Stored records

+ + +

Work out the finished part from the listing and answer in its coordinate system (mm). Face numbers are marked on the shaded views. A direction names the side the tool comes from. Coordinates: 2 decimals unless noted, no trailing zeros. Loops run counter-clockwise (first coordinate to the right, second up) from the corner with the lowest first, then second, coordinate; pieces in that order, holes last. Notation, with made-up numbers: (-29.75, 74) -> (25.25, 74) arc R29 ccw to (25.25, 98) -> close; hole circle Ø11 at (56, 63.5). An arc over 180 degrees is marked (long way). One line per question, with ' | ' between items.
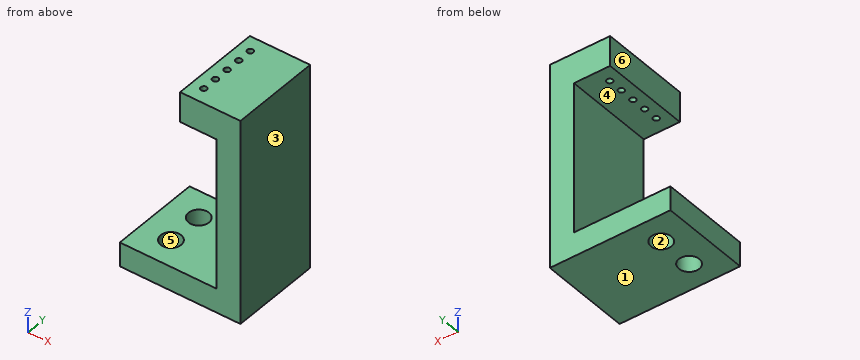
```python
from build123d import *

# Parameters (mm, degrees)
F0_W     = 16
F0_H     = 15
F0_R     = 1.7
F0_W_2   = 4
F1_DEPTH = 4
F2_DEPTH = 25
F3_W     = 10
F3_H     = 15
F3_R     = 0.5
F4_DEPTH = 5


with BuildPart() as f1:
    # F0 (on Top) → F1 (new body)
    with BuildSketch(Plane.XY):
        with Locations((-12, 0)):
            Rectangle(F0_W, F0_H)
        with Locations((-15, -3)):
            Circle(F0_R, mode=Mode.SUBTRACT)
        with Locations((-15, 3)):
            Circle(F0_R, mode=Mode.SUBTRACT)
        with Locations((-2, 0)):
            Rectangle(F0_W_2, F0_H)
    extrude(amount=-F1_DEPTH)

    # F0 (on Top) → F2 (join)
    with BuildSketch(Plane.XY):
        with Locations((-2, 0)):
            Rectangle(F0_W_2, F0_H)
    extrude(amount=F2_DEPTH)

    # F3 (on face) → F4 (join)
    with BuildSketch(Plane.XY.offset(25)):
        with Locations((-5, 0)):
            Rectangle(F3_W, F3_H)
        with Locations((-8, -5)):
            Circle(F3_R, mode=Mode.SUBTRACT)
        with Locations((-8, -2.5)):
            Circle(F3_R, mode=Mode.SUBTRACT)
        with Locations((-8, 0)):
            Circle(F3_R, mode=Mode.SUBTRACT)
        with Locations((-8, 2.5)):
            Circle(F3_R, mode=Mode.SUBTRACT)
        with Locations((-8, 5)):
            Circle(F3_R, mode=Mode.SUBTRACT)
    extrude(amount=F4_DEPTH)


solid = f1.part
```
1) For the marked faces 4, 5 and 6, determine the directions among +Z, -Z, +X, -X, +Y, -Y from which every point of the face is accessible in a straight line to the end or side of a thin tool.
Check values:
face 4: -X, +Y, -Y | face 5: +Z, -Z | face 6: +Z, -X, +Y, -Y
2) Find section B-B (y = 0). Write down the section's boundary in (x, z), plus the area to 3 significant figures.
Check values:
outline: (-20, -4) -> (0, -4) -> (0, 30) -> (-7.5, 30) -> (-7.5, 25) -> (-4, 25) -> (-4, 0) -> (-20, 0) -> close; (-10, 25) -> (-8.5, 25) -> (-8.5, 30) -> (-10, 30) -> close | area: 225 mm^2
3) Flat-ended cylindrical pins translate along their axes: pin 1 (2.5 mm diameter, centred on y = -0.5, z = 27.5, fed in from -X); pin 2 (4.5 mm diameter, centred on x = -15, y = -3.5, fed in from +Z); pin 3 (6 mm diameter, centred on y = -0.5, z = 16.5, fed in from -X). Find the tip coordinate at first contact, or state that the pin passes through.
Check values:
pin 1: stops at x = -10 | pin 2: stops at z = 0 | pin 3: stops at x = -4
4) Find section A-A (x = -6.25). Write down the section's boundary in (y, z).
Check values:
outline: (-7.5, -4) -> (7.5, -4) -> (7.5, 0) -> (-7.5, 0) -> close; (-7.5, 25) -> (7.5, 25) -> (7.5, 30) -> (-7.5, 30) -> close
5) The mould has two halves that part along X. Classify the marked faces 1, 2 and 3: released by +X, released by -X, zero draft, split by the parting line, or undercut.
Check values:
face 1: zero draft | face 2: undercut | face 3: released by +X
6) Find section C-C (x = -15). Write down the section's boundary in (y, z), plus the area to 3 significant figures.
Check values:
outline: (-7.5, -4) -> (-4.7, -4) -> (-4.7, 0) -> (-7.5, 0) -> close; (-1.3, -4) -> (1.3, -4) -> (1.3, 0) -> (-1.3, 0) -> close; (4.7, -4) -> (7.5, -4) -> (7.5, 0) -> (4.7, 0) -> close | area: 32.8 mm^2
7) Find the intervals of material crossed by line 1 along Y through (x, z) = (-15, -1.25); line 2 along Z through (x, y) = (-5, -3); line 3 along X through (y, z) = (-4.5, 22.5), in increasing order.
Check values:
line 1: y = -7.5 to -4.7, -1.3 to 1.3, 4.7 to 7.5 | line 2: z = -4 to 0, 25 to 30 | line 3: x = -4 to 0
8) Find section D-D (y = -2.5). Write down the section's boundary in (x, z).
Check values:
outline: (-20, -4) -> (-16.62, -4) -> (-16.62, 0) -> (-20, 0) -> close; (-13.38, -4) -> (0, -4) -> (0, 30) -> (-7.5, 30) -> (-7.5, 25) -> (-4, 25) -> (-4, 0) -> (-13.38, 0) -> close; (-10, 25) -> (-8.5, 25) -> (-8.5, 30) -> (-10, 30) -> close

+ + +

Take every entry and repeat it verbatim, minus the pictures.

> **Solution to the exercise**:
Work out the finished part from the listing and answer in its coordinate system (mm). Face numbers are marked on the shaded views. A direction names the side the tool comes from. Coordinates: 2 decimals unless noted, no trailing zeros. Loops run counter-clockwise (first coordinate to the right, second up) from the corner with the lowest first, then second, coordinate; pieces in that order, holes last. Notation, with made-up numbers: (-29.75, 74) -> (25.25, 74) arc R29 ccw to (25.25, 98) -> close; hole circle Ø11 at (56, 63.5). An arc over 180 degrees is marked (long way). One line per question, with ' | ' between items.
```python
from build123d import *

# Parameters (mm, degrees)
F0_W     = 16
F0_H     = 15
F0_R     = 1.7
F0_W_2   = 4
F1_DEPTH = 4
F2_DEPTH = 25
F3_W     = 10
F3_H     = 15
F3_R     = 0.5
F4_DEPTH = 5


with BuildPart() as f1:
    # F0 (on Top) → F1 (new body)
    with BuildSketch(Plane.XY):
        with Locations((-12, 0)):
            Rectangle(F0_W, F0_H)
        with Locations((-15, -3)):
            Circle(F0_R, mode=Mode.SUBTRACT)
        with Locations((-15, 3)):
            Circle(F0_R, mode=Mode.SUBTRACT)
        with Locations((-2, 0)):
            Rectangle(F0_W_2, F0_H)
    extrude(amount=-F1_DEPTH)

    # F0 (on Top) → F2 (join)
    with BuildSketch(Plane.XY):
        with Locations((-2, 0)):
            Rectangle(F0_W_2, F0_H)
    extrude(amount=F2_DEPTH)

    # F3 (on face) → F4 (join)
    with BuildSketch(Plane.XY.offset(25)):
        with Locations((-5, 0)):
            Rectangle(F3_W, F3_H)
        with Locations((-8, -5)):
            Circle(F3_R, mode=Mode.SUBTRACT)
        with Locations((-8, -2.5)):
            Circle(F3_R, mode=Mode.SUBTRACT)
        with Locations((-8, 0)):
            Circle(F3_R, mode=Mode.SUBTRACT)
        with Locations((-8, 2.5)):
            Circle(F3_R, mode=Mode.SUBTRACT)
        with Locations((-8, 5)):
            Circle(F3_R, mode=Mode.SUBTRACT)
    extrude(amount=F4_DEPTH)


solid = f1.part
```
1) For the marked faces 4, 5 and 6, determine the directions among +Z, -Z, +X, -X, +Y, -Y from which every point of the face is accessible in a straight line to the end or side of a thin tool.
Check values:
face 4: -X, +Y, -Y | face 5: +Z, -Z | face 6: +Z, -X, +Y, -Y
2) Find section B-B (y = 0). Write down the section's boundary in (x, z), plus the area to 3 significant figures.
Check values:
outline: (-20, -4) -> (0, -4) -> (0, 30) -> (-7.5, 30) -> (-7.5, 25) -> (-4, 25) -> (-4, 0) -> (-20, 0) -> close; (-10, 25) -> (-8.5, 25) -> (-8.5, 30) -> (-10, 30) -> close | area: 225 mm^2
3) Flat-ended cylindrical pins translate along their axes: pin 1 (2.5 mm diameter, centred on y = -0.5, z = 27.5, fed in from -X); pin 2 (4.5 mm diameter, centred on x = -15, y = -3.5, fed in from +Z); pin 3 (6 mm diameter, centred on y = -0.5, z = 16.5, fed in from -X). Find the tip coordinate at first contact, or state that the pin passes through.
Check values:
pin 1: stops at x = -10 | pin 2: stops at z = 0 | pin 3: stops at x = -4
4) Find section A-A (x = -6.25). Write down the section's boundary in (y, z).
Check values:
outline: (-7.5, -4) -> (7.5, -4) -> (7.5, 0) -> (-7.5, 0) -> close; (-7.5, 25) -> (7.5, 25) -> (7.5, 30) -> (-7.5, 30) -> close
5) The mould has two halves that part along X. Classify the marked faces 1, 2 and 3: released by +X, released by -X, zero draft, split by the parting line, or undercut.
Check values:
face 1: zero draft | face 2: undercut | face 3: released by +X
6) Find section C-C (x = -15). Write down the section's boundary in (y, z), plus the area to 3 significant figures.
Check values:
outline: (-7.5, -4) -> (-4.7, -4) -> (-4.7, 0) -> (-7.5, 0) -> close; (-1.3, -4) -> (1.3, -4) -> (1.3, 0) -> (-1.3, 0) -> close; (4.7, -4) -> (7.5, -4) -> (7.5, 0) -> (4.7, 0) -> close | area: 32.8 mm^2
7) Find the intervals of material crossed by line 1 along Y through (x, z) = (-15, -1.25); line 2 along Z through (x, y) = (-5, -3); line 3 along X through (y, z) = (-4.5, 22.5), in increasing order.
Check values:
line 1: y = -7.5 to -4.7, -1.3 to 1.3, 4.7 to 7.5 | line 2: z = -4 to 0, 25 to 30 | line 3: x = -4 to 0
8) Find section D-D (y = -2.5). Write down the section's boundary in (x, z).
Check values:
outline: (-20, -4) -> (-16.62, -4) -> (-16.62, 0) -> (-20, 0) -> close; (-13.38, -4) -> (0, -4) -> (0, 30) -> (-7.5, 30) -> (-7.5, 25) -> (-4, 25) -> (-4, 0) -> (-13.38, 0) -> close; (-10, 25) -> (-8.5, 25) -> (-8.5, 30) -> (-10, 30) -> close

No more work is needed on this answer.